Juvenile offenders certified as adults would normally go to an adult prison facility. But in 1995, a program was created in Missouri to change the trajectory of those offenders.
Missouri’s Dual Jurisdiction Program allows juvenile offenders under the age of 17 ½ who have been certified as adults to stay in the custody of the Division of Youth Services. Typically, both male and female juvenile offenders are placed in the program for up to 4 years where they receive job training, vocational training and participate in group therapy. Upon completion of the program, a decision is determined about whether the offender is eligible for release or if they will be transferred to an adult facility.

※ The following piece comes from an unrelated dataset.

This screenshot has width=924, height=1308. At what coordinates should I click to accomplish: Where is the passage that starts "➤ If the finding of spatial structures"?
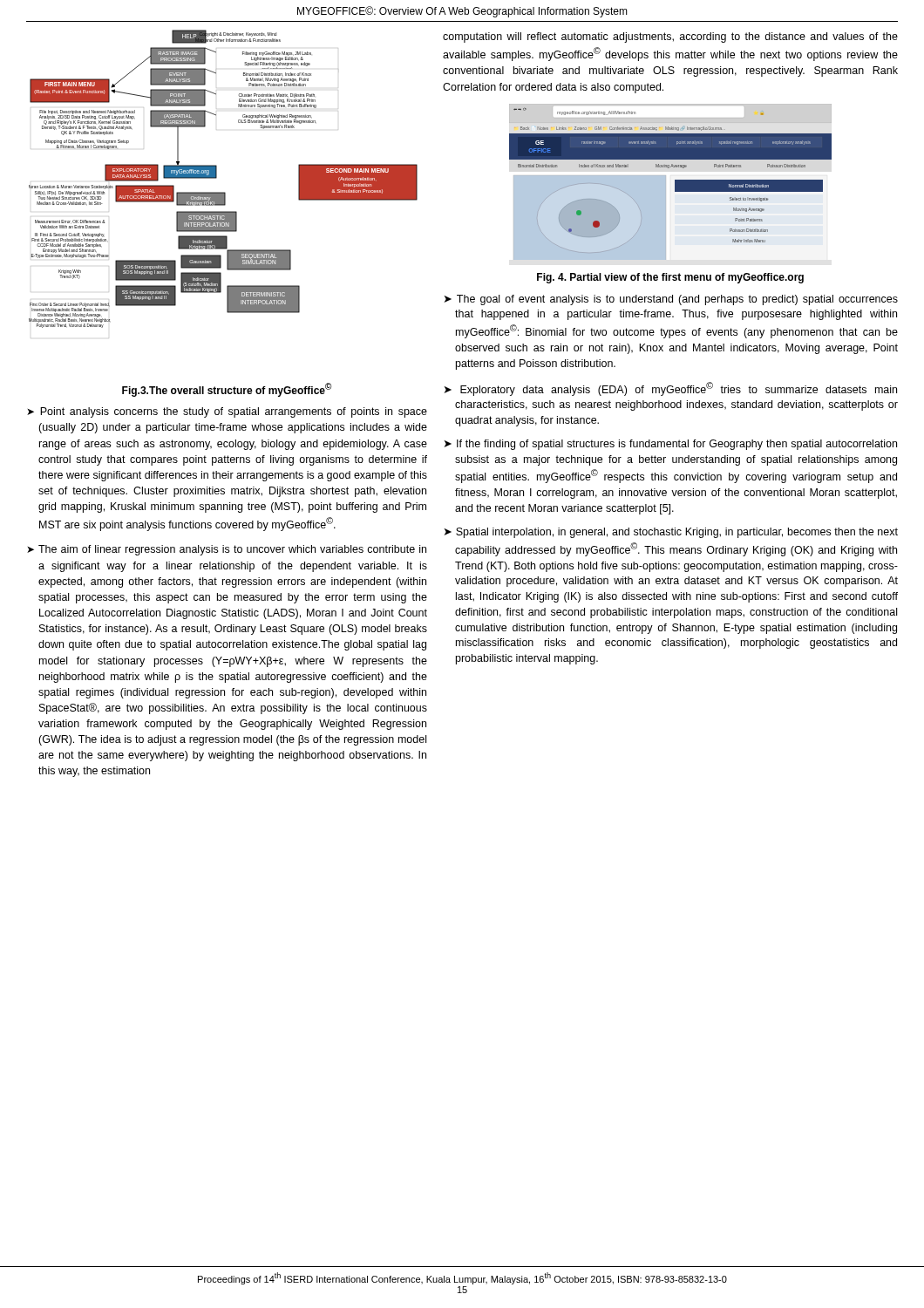coord(670,476)
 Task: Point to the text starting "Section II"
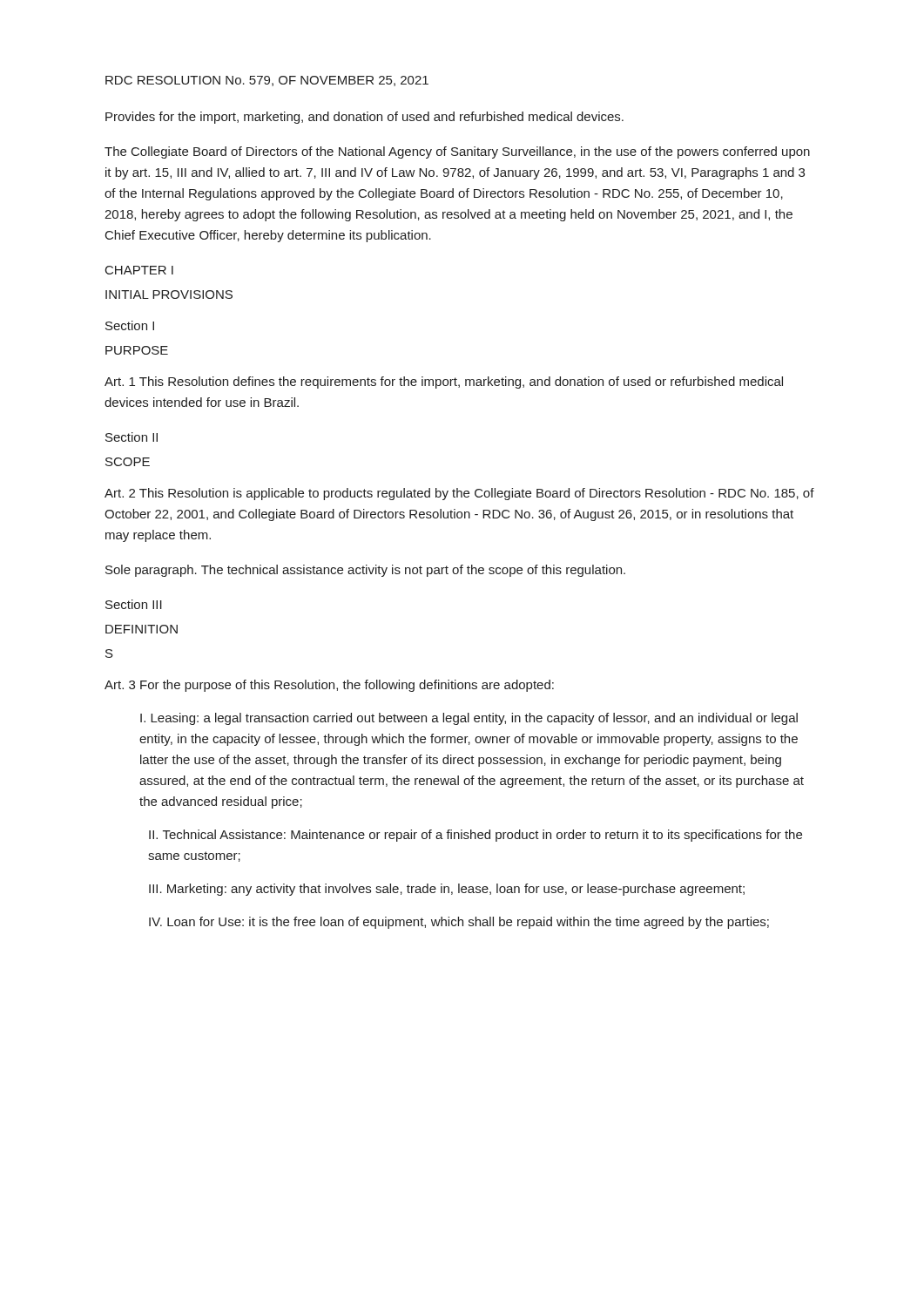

Terance Irons, a former offender who successfully completed the program, is now on a better path because of the opportunity. He explained that he spent part of his teen years succumbing to pressure from peers in his neighborhood. He was convicted of a felony after driving a vehicle towards a police officer. Sarah Johnson, an assistant public defender in Missouri, met Irons when he was 16 years old. She suggested to the courts that sending Irons to the Montgomery City Youth Center to participate in the dual jurisdiction program would be more beneficial than prison.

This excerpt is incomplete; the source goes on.